I was thinking about it today, how approachable am I to my kids?
We had a standing rule in the house growing up that I could talk about anything with my parents, as long as it was done with respect. I remember snickering inside when the rule was first introduced (before I realized what the second half of the rule actually meant.) However, now that I’m on the other end of the barrel, I’m seeing it quite differently.
I’m realizing that with this kind of approach-ability comes great vulnerability. My parents ultimately gave me an all access pass to their hearts, an access which I could have easily abused (and maybe did at times,) but I’m beginning to understand it more and more as my own kids get older.
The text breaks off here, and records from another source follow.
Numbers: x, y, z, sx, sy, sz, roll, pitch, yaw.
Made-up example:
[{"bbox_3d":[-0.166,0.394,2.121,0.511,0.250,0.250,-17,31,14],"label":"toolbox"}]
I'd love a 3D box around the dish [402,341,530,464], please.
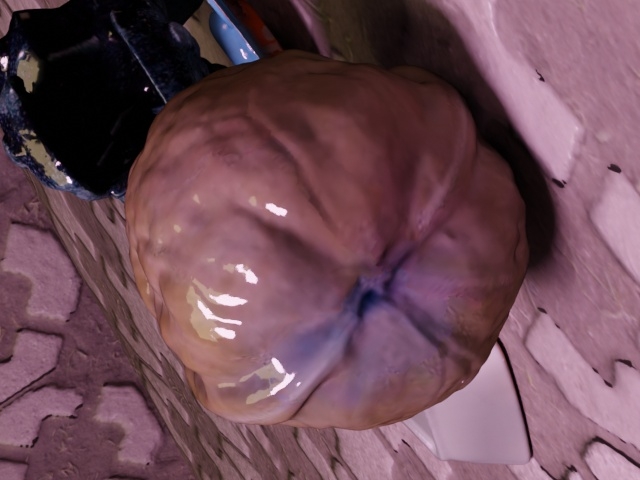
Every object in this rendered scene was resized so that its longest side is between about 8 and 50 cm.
[{"bbox_3d":[0.063,0.083,1.407,0.234,0.064,0.154,44,162,43],"label":"dish"}]

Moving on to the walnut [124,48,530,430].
[{"bbox_3d":[0.001,-0.002,1.101,0.248,0.248,0.248,51,165,20],"label":"walnut"}]

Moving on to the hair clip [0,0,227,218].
[{"bbox_3d":[-0.135,-0.092,1.359,0.206,0.194,0.310,61,-173,27],"label":"hair clip"}]

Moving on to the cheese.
[{"bbox_3d":[-0.058,-0.150,1.259,0.106,0.037,0.256,54,-178,40],"label":"cheese"}]
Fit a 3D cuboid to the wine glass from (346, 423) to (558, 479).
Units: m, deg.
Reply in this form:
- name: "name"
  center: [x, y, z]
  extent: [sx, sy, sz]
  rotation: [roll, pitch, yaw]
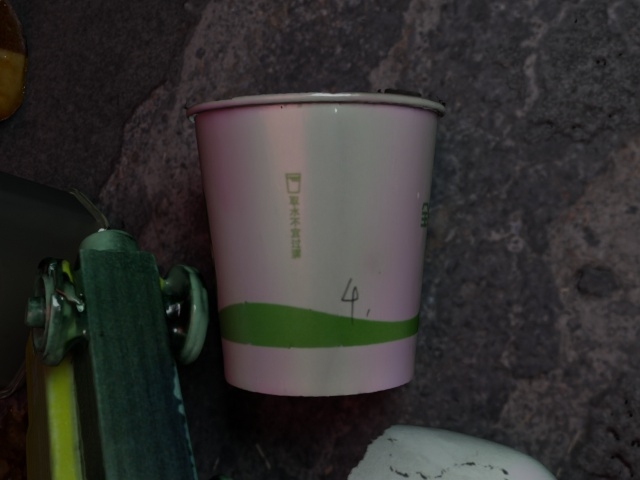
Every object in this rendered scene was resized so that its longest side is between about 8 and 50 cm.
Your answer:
- name: "wine glass"
  center: [0.166, 0.299, 0.641]
  extent: [0.322, 0.238, 0.238]
  rotation: [26, 94, 23]

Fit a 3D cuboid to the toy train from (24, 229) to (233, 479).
- name: "toy train"
  center: [-0.198, 0.209, 0.731]
  extent: [0.272, 0.179, 0.442]
  rotation: [-59, 39, 40]

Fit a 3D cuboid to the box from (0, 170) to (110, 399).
- name: "box"
  center: [-0.400, 0.046, 0.896]
  extent: [0.138, 0.178, 0.274]
  rotation: [36, 96, 37]

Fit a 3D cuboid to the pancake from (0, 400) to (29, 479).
- name: "pancake"
  center: [-0.339, 0.317, 0.922]
  extent: [0.212, 0.056, 0.257]
  rotation: [35, 104, 28]

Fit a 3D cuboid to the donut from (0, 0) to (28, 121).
- name: "donut"
  center: [-0.467, -0.239, 0.991]
  extent: [0.085, 0.141, 0.217]
  rotation: [-4, 82, 31]

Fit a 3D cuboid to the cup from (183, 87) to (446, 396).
- name: "cup"
  center: [0.000, 0.000, 0.739]
  extent: [0.253, 0.253, 0.274]
  rotation: [-1, 93, 21]
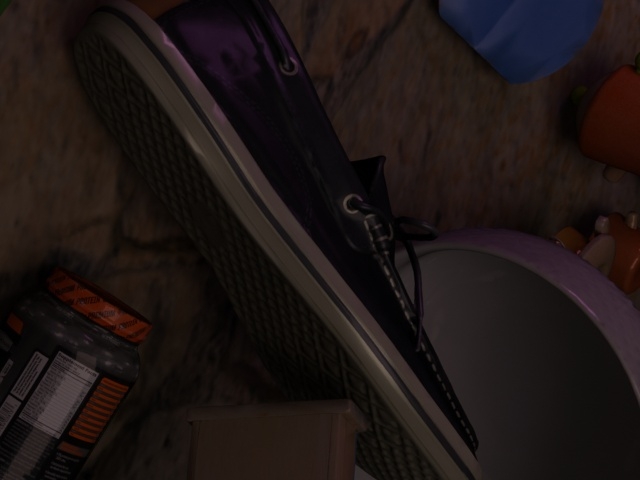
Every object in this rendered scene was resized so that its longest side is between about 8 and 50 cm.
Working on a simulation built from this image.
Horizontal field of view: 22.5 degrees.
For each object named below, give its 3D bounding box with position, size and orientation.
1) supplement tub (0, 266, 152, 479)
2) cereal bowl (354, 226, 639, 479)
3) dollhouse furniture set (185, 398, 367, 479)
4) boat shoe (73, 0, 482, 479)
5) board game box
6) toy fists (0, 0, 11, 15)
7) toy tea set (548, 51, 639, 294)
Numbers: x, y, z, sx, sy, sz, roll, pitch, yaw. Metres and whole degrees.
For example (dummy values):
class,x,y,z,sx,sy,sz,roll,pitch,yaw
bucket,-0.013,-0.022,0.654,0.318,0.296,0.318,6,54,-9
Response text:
class,x,y,z,sx,sy,sz,roll,pitch,yaw
supplement tub,-0.221,0.123,1.276,0.117,0.117,0.190,33,88,-33
cereal bowl,0.166,0.143,1.399,0.141,0.339,0.339,-24,120,-50
dollhouse furniture set,-0.045,0.285,1.322,0.303,0.286,0.198,56,34,-56
boat shoe,0.000,0.000,1.285,0.156,0.187,0.500,-39,102,-26
board game box,0.174,-0.224,1.438,0.168,0.033,0.133,39,91,-28
toy fists,-0.256,-0.267,1.143,0.279,0.096,0.142,-55,133,-5
toy tea set,0.247,-0.018,1.523,0.336,0.124,0.200,-54,153,-8
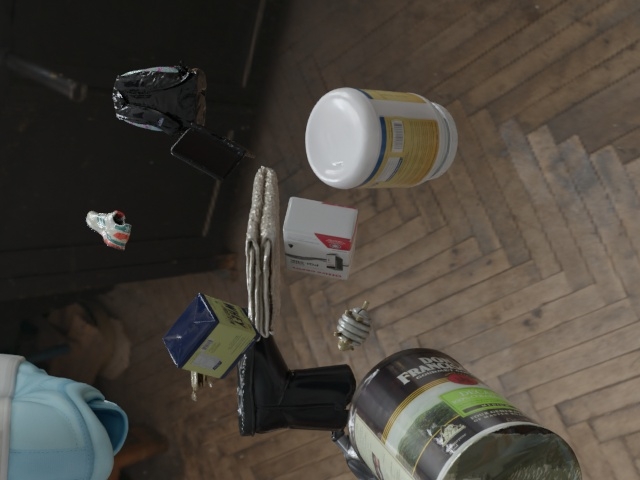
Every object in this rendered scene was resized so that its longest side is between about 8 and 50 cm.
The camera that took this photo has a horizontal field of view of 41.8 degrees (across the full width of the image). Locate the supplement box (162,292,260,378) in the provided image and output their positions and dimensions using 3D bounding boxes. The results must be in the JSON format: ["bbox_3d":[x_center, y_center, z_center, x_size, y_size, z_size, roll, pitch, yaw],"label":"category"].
[{"bbox_3d":[-0.140,0.125,1.081,0.083,0.083,0.056,-50,47,14],"label":"supplement box"}]

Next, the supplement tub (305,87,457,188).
[{"bbox_3d":[0.094,-0.149,1.245,0.144,0.199,0.144,5,97,49],"label":"supplement tub"}]

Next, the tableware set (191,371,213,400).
[{"bbox_3d":[-0.260,0.283,1.827,0.194,0.039,0.128,138,130,-76],"label":"tableware set"}]

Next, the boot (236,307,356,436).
[{"bbox_3d":[-0.043,0.232,1.494,0.094,0.207,0.246,-137,45,-70],"label":"boot"}]

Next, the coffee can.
[{"bbox_3d":[0.176,0.279,1.094,0.275,0.201,0.202,-147,64,-68],"label":"coffee can"}]

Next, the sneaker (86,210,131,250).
[{"bbox_3d":[-0.493,-0.042,1.977,0.161,0.057,0.075,38,103,42],"label":"sneaker"}]

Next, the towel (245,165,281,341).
[{"bbox_3d":[-0.086,0.016,1.333,0.049,0.282,0.187,1,118,-2],"label":"towel"}]

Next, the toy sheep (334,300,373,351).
[{"bbox_3d":[0.081,0.202,1.966,0.091,0.091,0.132,34,97,29],"label":"toy sheep"}]

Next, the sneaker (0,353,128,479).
[{"bbox_3d":[-0.280,0.200,0.863,0.366,0.150,0.135,-168,86,-72],"label":"sneaker"}]

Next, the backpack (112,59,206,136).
[{"bbox_3d":[-0.327,-0.283,1.706,0.182,0.115,0.152,4,91,10],"label":"backpack"}]

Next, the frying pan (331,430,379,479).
[{"bbox_3d":[0.081,0.409,1.631,0.326,0.053,0.197,50,154,-17],"label":"frying pan"}]

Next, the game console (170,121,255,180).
[{"bbox_3d":[-0.200,-0.164,1.576,0.122,0.107,0.071,29,96,11],"label":"game console"}]

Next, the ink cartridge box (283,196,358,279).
[{"bbox_3d":[0.000,0.000,1.213,0.099,0.135,0.056,10,64,5],"label":"ink cartridge box"}]
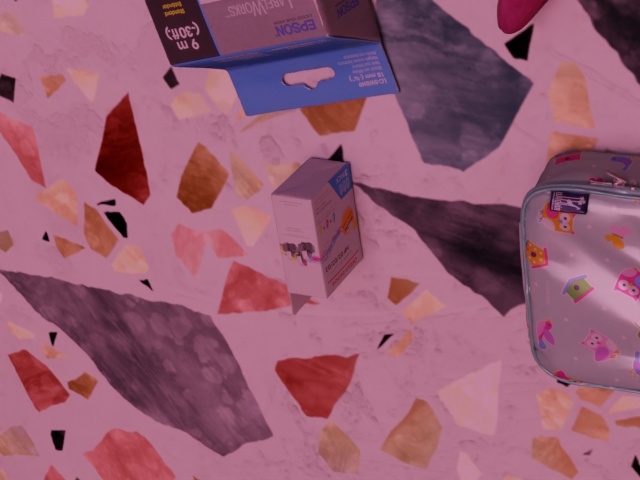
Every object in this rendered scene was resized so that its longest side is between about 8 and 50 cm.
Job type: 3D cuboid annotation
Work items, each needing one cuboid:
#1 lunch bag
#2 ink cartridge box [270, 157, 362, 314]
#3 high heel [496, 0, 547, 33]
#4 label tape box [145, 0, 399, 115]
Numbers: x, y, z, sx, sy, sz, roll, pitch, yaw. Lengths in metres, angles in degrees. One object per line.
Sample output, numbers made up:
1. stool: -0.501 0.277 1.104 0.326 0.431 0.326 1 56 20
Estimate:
1. lunch bag: 0.342 0.037 1.440 0.224 0.108 0.279 9 124 28
2. ink cartridge box: 0.000 0.000 1.638 0.061 0.104 0.181 9 124 28
3. high heel: 0.268 -0.290 1.291 0.117 0.082 0.244 39 120 18
4. label tape box: -0.078 -0.288 1.498 0.241 0.106 0.333 -5 116 35
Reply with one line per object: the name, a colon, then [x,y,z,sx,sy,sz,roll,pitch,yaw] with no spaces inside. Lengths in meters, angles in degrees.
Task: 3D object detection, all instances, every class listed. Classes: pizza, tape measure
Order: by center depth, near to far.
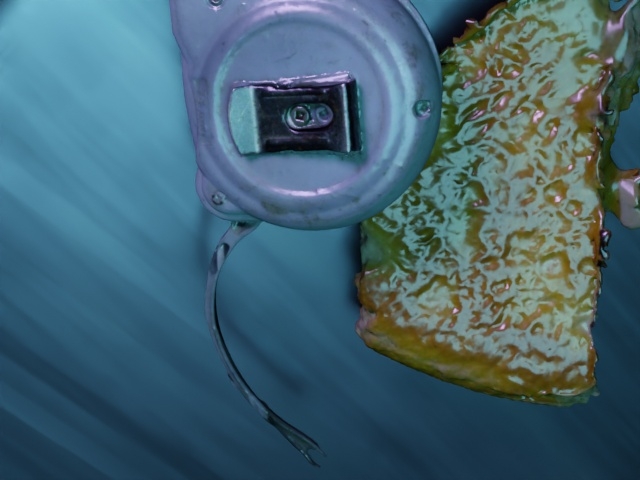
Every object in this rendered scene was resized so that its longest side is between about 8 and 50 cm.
tape measure: [-0.001,0.000,0.660,0.164,0.084,0.330,-3,106,20]
pizza: [0.115,-0.042,0.707,0.189,0.071,0.297,7,109,5]
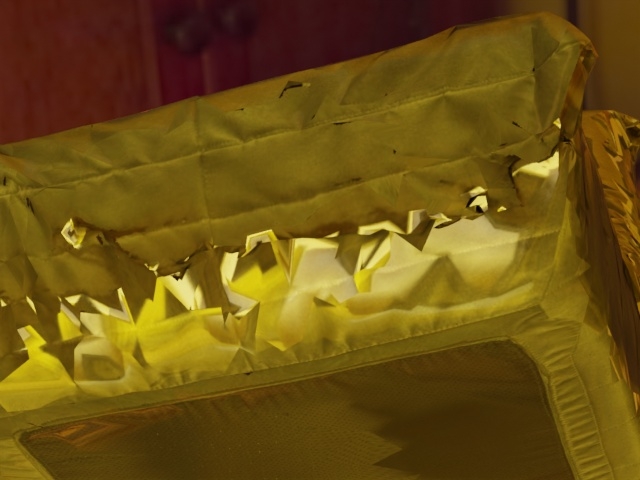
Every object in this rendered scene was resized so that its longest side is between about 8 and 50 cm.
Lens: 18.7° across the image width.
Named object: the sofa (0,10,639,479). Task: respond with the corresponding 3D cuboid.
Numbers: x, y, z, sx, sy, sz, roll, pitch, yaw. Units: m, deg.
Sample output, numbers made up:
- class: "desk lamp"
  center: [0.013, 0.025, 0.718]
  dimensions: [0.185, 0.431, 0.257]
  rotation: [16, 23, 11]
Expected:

When you show your kids you care about what they are thinking, they feel valued and important. I remember feeling safe coming to my parents with the issues I was facing in life. The conversations (and sometimes arguments) about driving habits, music/friend choices, and curfews were a little easier to handle when I fully understood that my parents were in my corner, not backing me into one.
This rule also made admitting mistakes and areas of failure to my parents much easier, I knew I would get disciplined for what I had done wrong, but I knew that there was love in the home for me regardless of what I had done.
Angela and I made the choice to instate a rule like this in our home as well, believing that this will open the door to many “tough” but honest and open discussions in the future.
Who else will join us in the challenge to be as approachable as humanely possible?